『静かに寄り添う心』
雨に潤う木々の緑がいっそう深まり、季節は静かに初夏へと歩みを進めています。気温の変化に体が追いつかない時期でもありますが、子どもたちは日々の生活リズムを整え、学びに向かう姿勢にも落ち着きが感じられるようになってきました。
昨日5月27日(火)、マリア祭を行いました。全校児童が聖堂に集い、心を一つにして祈りをささげるひととき。朝の静かな空気の中、ロザリオの祈りが子どもたちの声に乗って聖堂に響き渡りました。ロザリオの祈りとは、マリア様を通してイエス様の生涯を黙想しながら、「アヴェ・マリア」や「主の祈り」を繰り返し唱えていく祈りです。ひとつひとつの祈りに、心を静め、他者のために祈るという行為を子どもたちは経験します。
この日、子どもたちは「野ばらのにおう」「あめのきさき」「アヴェ・マリア」などの聖歌を、心をこめて歌いました。子どもたちの美しい歌声は、マリア様への敬意と感謝の表れであり、聖堂の空気をあたたかく包みました。また、百合の花とともに、子どもたちが日々の小さな努力や善行を霊的花束として奉献しました。このひとときは、自分だけでなく誰かのために行動するというキリスト教の精神を感じる貴重な経験となったことと思います。

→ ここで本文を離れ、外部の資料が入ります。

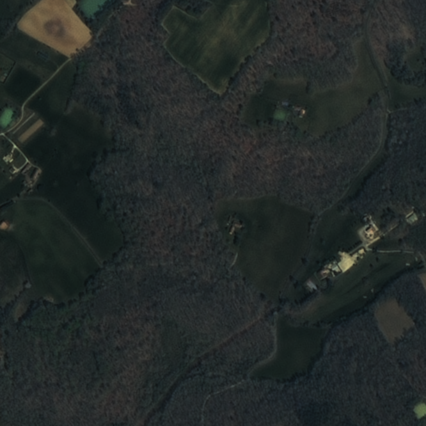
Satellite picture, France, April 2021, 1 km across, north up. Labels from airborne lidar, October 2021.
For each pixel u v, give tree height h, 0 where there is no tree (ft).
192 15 33
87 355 47
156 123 52
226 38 0
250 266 0
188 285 50
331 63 67
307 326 53
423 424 47
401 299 73
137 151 74
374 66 0
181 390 66
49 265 0
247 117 0
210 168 20
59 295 0
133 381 36
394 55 73
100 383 60
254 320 67
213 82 0
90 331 29
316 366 83
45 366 61
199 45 0
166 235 28
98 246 0
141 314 28
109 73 34
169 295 74
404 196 52
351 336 84
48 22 0
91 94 52
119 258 70
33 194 0
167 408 64
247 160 36
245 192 71
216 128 21
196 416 68
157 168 72
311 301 44
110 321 29
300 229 0
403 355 67
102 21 34
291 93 0
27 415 80
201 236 66
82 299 52
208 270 70
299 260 0
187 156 67
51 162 0
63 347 46
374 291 0
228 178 70
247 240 0
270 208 0
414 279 75
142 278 54
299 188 58
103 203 60
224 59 0
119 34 40
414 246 58
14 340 79
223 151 56
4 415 76
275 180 60
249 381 78
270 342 63
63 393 64
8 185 0
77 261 0
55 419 69
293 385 62
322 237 0
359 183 0
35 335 95
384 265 0
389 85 0
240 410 52
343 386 79
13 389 59
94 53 27
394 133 62
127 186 37
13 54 0
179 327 74
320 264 31
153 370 49
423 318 71
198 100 46
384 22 78
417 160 52
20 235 0
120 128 35
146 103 54
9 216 0
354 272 0
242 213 0
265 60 59
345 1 42
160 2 22
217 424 52
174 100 52
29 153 0
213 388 68
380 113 89
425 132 70
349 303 0
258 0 0
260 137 28
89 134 0
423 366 58
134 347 59
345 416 65
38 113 0
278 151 34
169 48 0
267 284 0
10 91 0
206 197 54
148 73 47
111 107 67
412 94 0
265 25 0
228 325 75
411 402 53
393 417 66
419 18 86
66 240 0
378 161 0
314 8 33
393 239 43
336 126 0
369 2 70
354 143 64
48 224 0
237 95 28
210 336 73
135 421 75
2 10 0
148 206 46
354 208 64
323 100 0
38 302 20
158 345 70
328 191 61
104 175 61
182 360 33
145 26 26
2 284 36
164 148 33
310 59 62
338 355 33
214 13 0
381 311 0
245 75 54
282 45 63
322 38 37
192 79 55
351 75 68
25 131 0
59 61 0
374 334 77
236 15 0
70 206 0
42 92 0
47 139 0
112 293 48
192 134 70
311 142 83
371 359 46
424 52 57
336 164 59
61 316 83
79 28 0
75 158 0
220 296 79
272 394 70
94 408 45
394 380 69
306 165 44
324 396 76
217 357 37
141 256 49
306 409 81
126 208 57

そんな日々の中で、もうひとつ忘れられない出来事がありました。ある朝、本校の児童が用賀駅からスクールバスの乗降所へ向かう途中で、突然気分が悪くなり、嘔吐してしまいました。通勤の方々も行き交う時間帯。周囲は少し戸惑いを見せる中、ひとりのウーバーイーツの配達員の方がすぐに駆け寄ってくださいました。その方は、児童の様子を見て迷いなく、ご自分の持っていたタオルを2枚取り出し、「使いなさい」とだけ声をかけて差し出してくださったそうです。その後、水を買って戻り、児童に手渡してくださったとのこと。名前も告げず、静かにその場を去っていかれたそうです。私たちはその方に直接お礼を伝えることもできませんでしたが、そのさりげない行動に深く心を動かされました。
このできごとを耳にしたとき、私はイエス様のたとえ話「善きサマリア人」のことを思い出しました。道に倒れていた旅人を見て、多くの人が素通りする中、見知らぬサマリア人だけが手を差し伸べたというあのお話です。忙しい中でも目の前の困っている人に気づき、見返りを求めず、自分のできることを差し出す。現代においても、こうした心は確かに存在しているのだとうれしく思いました。
本校では、日々の教育活動の中で「まなざしを育てる」ことを大切にしています。それは、まわりの人や物ごとに心を向けること、そして困っている人を見過ごさず、そっと手を差し伸べられる心を育てることです。マリア様のように静かで強い愛の心をもって、誰かのために祈り、動くことのできる人に育ってほしいというその願いは、マリア祭の祈りと、この日の出来事と、深くつながっているように思います。
6月は、落ち着いた環境の中で、子どもたちがしっかりと学びを深める大切な時期です。生活のリズムを整えながら、心と体の声にも耳を傾けて、ていねいに日々を重ねてまいりましょう。